In an ideal world, most big city fire brigades should be replaced by new multi-tasked emergency crews, locally employed and financed. That must be the pattern for the future. Instead, Mr Brown wants a National Fire Service under his personal control, like the deeply conservative prison and hospital services. He cannot bear a corner of the public service whose every move is not recorded on his winking computer. He now has 26 different public sector deals on the boil, all with complex productivity deals over three years or more. It is the most intricate government incomes policy since the Heath Government's "phase one" in 1972. Its fate underpins Labour's whole fiscal strategy.

In which case at least go the whole hog. Mr Brown is the public sector employer of last resort. He is the boss. There is no point in having negotiating teams, junior ministers, Cobra centres and trouble-shooters. The Chancellor should step out of the shadows and state how far the Prime Minister's proposals as set out yesterday are negotiable. He must then sit down at the table and deal with Mr Gilchrist to his face.

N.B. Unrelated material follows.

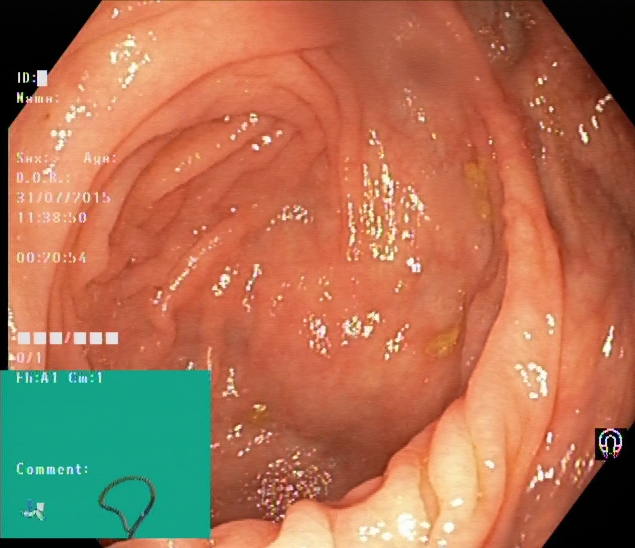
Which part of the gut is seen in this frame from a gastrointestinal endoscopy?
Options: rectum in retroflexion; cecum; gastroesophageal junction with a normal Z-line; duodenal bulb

Bellowing at a CBI conference is not negotiating.

Chancellors of the Exchequer love to stay behind curtains. They hate answering questions or facing the music for policies that they impose on others. Mr Brown is the most retiring of all. Last week he was forced into the open. He had to veto a rotten deal to salvage his pay policy. He remains in danger of being bounced into the same pay inflation that gripped, and wrecked, Labour in the 1970s. For once, Mr Brown must take the heat. He cannot just write menus. He must get into the kitchen and cook.